Guardando al futuro, oltre alla dimostrata resilienza durante la crisi sanitaria, il mercato obbligazionario cinese potrebbe, a nostro avviso, offrire una buona esposizione alla ripresa. La Cina è stata la prima economia colpita dalla pandemia e la prima a ritornare a crescere: nel secondo trimestre, quando gli Stati Uniti e l’Europa hanno subito una battuta d’arresto, la Cina è cresciuta del 3,2% e gli economisti prevedono un’espansione compresa tra il 5,5 e il 6,0% nel secondo semestre. Il nostro team obbligazionario cinese a Shanghai ritiene che il potenziale di ripresa sia particolarmente forte nel settore immobiliare e quello chimico. Dopo essere crollate del 69% anno su anno a febbraio, le vendite di abitazioni sono tornate in linea con i dati del 2019. Le politiche di governo sono generalmente favorevoli a chi acquista casa e i tassi dei mutui sono in calo. Al contempo, la maggior parte delle società di sviluppo edilizio è riuscita a ridurre il proprio indebitamento durante la crisi e a stabilizzare i bilanci prima dell’inizio della ripresa. Nel settore chimico, il team sta valutando i dati relativi alla filiera produttiva dell’acido tereftalico purificato (PTA) e dei filati totalmente stirati (FDY), tra i principali materiali utilizzati per la produzione di vestiario e mascherine protettive. In Cina è già in atto una ripresa delle vendite di vestiario e prevediamo che negli anni a venire il commercio dei capi di abbigliamento registrerà una crescita costante. Parallelamente, l’eccesso di offerta di PTA sembra essere stato assorbito dall’eccezionale domanda di mascherine. 

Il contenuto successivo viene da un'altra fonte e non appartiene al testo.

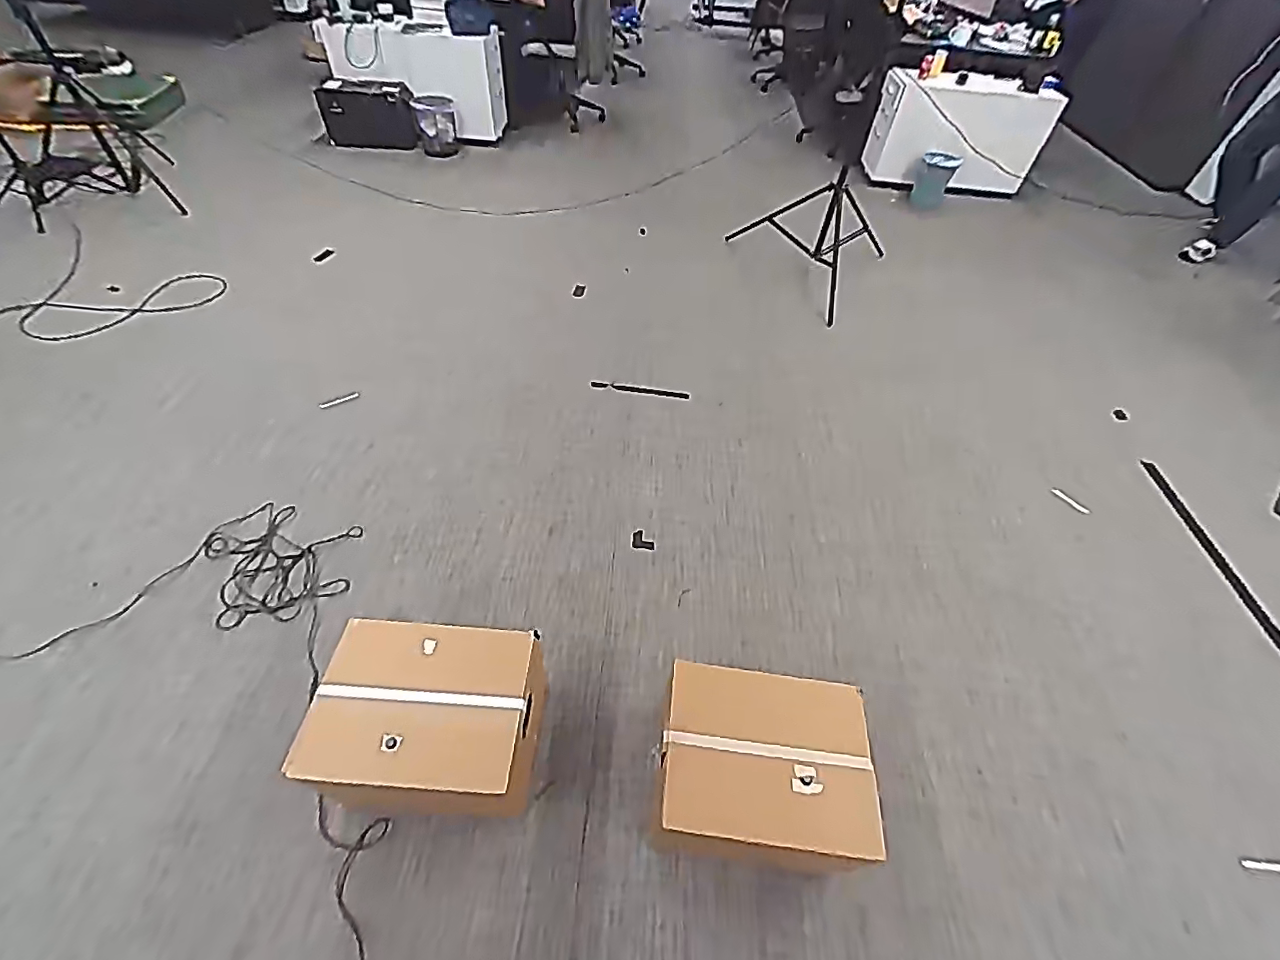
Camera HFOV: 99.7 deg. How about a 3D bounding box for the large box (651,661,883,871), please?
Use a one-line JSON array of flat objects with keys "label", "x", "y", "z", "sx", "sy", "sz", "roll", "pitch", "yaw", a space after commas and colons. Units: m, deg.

Liberalizzazione del mercato 

Questi sono solo due dei temi che abbiamo individuato nel terzo mercato obbligazionario e creditizio mondiale. In un mondo dove i rendimenti sono prossimi allo zero, il debito cresce in maniera esponenziale e i rischi di insolvenza aumentano, riteniamo che il profilo e il potenziale di questo mercato potrebbero sorprendere gli investitori. Infine, come società di investimenti, siamo dell’avviso che la Cina punti davvero alla liberalizzazione del mercato. Ha già compiuto notevoli passi avanti, ma riteniamo probabili ulteriori iniziative volte ad agevolare la partecipazione di banche e gestori patrimoniali esteri e ad aumentare liquidità e trasparenza. L’obiettivo strategico di Pechino, infatti, è di rendere la valuta, i mercati e gli istituti nazionali un’alternativa credibile ai mercati del dollaro, dell’euro e dello yen. Questo è il motivo per cui Neuberger Berman è, storicamente, uno dei primi gestori esteri in Cina: già nel 2017, la nostra società era tra i primi cinque gestori ad avere ottenuto la licenza per costituire una società interamente partecipata con capitali esteri per gestire asset cinesi onshore per clienti cinesi onshore. Può darsi che scalare la Grande Muraglia per raggiungere il mercato obbligazionario onshore cinese si riveli faticoso, ma crediamo che dall’altro lato della barriera ci attendano moltissime opportunità.